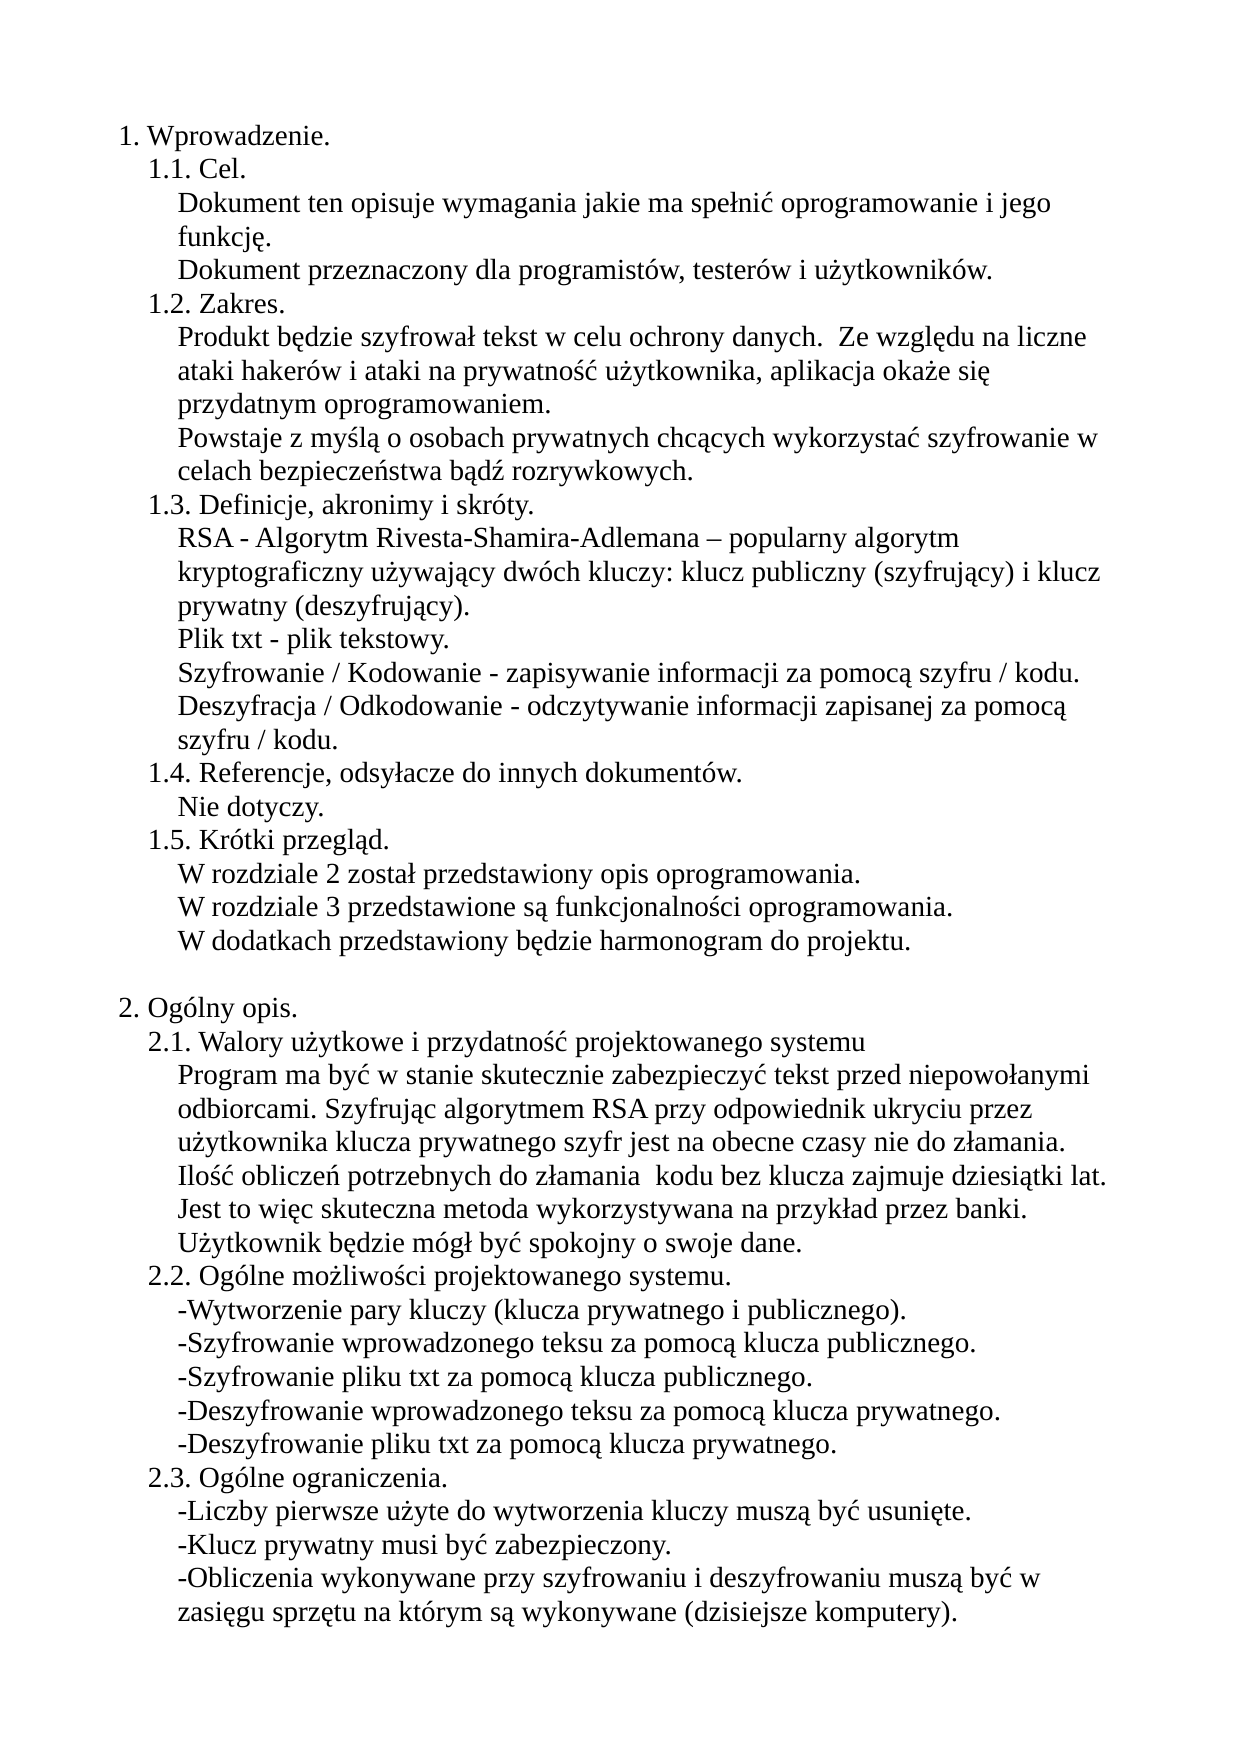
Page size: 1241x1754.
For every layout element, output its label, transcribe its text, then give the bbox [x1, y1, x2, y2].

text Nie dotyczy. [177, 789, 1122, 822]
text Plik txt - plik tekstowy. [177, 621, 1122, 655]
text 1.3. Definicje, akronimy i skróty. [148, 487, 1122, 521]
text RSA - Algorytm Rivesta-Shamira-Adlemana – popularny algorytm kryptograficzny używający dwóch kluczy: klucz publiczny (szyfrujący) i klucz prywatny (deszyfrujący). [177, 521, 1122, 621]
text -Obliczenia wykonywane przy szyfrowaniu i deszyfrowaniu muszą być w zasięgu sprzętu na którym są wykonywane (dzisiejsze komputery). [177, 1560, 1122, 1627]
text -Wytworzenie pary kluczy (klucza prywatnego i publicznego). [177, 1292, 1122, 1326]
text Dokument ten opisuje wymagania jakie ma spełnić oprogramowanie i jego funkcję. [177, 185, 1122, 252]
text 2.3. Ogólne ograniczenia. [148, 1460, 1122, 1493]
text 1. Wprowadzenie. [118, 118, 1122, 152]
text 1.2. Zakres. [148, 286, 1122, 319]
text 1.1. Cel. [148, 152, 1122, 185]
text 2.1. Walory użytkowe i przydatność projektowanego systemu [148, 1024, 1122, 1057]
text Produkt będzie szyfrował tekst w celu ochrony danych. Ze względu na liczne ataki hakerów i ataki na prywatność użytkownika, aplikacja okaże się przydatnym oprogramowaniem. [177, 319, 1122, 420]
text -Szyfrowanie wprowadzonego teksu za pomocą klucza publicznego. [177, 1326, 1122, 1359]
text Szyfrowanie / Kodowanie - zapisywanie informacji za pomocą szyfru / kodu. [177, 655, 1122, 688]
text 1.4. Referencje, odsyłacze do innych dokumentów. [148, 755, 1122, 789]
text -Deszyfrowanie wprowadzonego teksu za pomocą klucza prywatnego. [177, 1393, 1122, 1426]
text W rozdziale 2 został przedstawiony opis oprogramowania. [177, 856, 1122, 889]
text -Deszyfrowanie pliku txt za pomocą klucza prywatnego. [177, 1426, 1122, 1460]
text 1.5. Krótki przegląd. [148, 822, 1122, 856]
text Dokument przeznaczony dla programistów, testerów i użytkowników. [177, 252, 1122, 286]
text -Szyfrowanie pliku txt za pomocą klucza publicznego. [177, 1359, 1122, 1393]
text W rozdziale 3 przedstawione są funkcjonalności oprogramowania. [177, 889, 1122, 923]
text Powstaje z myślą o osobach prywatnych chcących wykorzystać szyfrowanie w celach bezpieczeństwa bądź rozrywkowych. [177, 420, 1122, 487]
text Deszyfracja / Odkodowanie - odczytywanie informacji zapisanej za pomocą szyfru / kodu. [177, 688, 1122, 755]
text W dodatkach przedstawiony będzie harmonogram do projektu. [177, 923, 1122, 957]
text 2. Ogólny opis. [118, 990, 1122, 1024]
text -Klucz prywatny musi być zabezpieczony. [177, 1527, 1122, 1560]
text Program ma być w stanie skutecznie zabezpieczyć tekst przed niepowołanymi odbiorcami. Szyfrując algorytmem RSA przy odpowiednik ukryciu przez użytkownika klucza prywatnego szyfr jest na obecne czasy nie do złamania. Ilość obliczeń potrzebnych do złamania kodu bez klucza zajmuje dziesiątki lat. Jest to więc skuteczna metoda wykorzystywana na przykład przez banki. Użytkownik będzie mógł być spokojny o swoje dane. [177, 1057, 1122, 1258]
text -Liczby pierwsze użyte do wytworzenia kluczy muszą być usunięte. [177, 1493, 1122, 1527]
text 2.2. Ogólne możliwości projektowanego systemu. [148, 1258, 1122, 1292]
★ ★ ★ ★ ★
- [AIM OF THE EXERCISE]: Output, exactly and with no other text, the line that contains "text -Klucz prywatny" and all lines from there to the end of the records.

- [RESULT OF THIS TASK]:
text -Klucz prywatny musi być zabezpieczony. [177, 1527, 1122, 1560]
text Program ma być w stanie skutecznie zabezpieczyć tekst przed niepowołanymi odbiorcami. Szyfrując algorytmem RSA przy odpowiednik ukryciu przez użytkownika klucza prywatnego szyfr jest na obecne czasy nie do złamania. Ilość obliczeń potrzebnych do złamania kodu bez klucza zajmuje dziesiątki lat. Jest to więc skuteczna metoda wykorzystywana na przykład przez banki. Użytkownik będzie mógł być spokojny o swoje dane. [177, 1057, 1122, 1258]
text -Liczby pierwsze użyte do wytworzenia kluczy muszą być usunięte. [177, 1493, 1122, 1527]
text 2.2. Ogólne możliwości projektowanego systemu. [148, 1258, 1122, 1292]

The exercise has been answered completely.